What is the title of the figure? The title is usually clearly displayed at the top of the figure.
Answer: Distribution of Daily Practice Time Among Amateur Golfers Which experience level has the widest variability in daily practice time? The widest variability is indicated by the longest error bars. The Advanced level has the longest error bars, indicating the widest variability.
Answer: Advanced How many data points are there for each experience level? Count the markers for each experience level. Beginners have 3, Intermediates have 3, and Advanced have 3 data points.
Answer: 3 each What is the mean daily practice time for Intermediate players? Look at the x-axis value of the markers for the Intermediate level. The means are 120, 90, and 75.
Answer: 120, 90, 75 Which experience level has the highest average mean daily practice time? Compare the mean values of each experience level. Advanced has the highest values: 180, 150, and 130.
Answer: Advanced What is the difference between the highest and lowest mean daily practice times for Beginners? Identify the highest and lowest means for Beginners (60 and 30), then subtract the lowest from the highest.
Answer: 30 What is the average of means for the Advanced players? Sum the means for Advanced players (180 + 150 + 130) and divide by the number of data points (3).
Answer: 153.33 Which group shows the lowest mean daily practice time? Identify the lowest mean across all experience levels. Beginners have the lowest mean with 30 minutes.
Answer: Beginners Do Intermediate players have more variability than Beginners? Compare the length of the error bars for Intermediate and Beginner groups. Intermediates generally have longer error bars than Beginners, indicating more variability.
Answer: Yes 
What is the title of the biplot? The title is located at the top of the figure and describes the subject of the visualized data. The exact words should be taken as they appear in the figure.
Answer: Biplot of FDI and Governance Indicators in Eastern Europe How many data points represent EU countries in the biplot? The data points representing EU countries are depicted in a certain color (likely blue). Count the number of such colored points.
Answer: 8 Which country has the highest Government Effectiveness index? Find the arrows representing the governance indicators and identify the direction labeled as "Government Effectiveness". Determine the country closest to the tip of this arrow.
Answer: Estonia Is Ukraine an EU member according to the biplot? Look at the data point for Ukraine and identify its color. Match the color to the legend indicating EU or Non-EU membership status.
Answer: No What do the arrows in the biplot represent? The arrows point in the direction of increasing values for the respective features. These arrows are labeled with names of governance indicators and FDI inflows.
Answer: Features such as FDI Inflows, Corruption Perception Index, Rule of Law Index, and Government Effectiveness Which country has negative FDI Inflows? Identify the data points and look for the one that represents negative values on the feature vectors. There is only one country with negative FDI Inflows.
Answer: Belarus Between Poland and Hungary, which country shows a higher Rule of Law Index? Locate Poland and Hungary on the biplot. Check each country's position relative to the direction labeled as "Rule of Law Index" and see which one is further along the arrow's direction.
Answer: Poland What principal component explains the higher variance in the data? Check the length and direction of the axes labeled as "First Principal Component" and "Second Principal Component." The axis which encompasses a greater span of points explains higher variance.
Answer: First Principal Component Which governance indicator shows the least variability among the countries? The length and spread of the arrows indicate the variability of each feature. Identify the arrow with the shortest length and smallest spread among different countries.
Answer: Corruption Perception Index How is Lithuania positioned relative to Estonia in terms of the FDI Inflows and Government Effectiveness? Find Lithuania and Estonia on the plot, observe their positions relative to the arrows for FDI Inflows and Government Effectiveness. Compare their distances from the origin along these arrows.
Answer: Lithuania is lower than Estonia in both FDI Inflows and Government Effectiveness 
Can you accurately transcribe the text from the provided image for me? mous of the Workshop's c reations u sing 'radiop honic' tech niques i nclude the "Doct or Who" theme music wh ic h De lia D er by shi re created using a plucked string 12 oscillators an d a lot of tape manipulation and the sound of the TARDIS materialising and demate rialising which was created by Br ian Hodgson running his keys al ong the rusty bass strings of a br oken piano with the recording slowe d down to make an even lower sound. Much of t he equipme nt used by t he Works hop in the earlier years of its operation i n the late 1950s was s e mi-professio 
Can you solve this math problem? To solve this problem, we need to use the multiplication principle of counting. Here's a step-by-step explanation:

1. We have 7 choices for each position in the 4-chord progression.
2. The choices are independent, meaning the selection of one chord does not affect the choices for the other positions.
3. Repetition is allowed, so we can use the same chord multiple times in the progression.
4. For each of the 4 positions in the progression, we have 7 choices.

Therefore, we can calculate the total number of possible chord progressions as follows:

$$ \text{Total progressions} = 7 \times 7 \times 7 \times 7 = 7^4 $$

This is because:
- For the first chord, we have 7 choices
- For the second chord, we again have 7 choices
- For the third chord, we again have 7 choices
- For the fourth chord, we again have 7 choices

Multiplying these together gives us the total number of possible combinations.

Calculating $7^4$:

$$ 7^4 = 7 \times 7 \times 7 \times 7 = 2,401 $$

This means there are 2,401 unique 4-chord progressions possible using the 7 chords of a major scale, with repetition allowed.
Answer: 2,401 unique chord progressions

◇ ◇ ◇

WHAT IS REQUIRED: Please give again only the lines from the start of the material through the line holding "Answer: 3 each", exactly as they are written.

RESPONSE BELOW:
What is the title of the figure? The title is usually clearly displayed at the top of the figure.
Answer: Distribution of Daily Practice Time Among Amateur Golfers Which experience level has the widest variability in daily practice time? The widest variability is indicated by the longest error bars. The Advanced level has the longest error bars, indicating the widest variability.
Answer: Advanced How many data points are there for each experience level? Count the markers for each experience level. Beginners have 3, Intermediates have 3, and Advanced have 3 data points.
Answer: 3 each What is the mean daily practice time for Intermediate players? Look at the x-axis value of the markers for the Intermediate level. The means are 120, 90, and 75.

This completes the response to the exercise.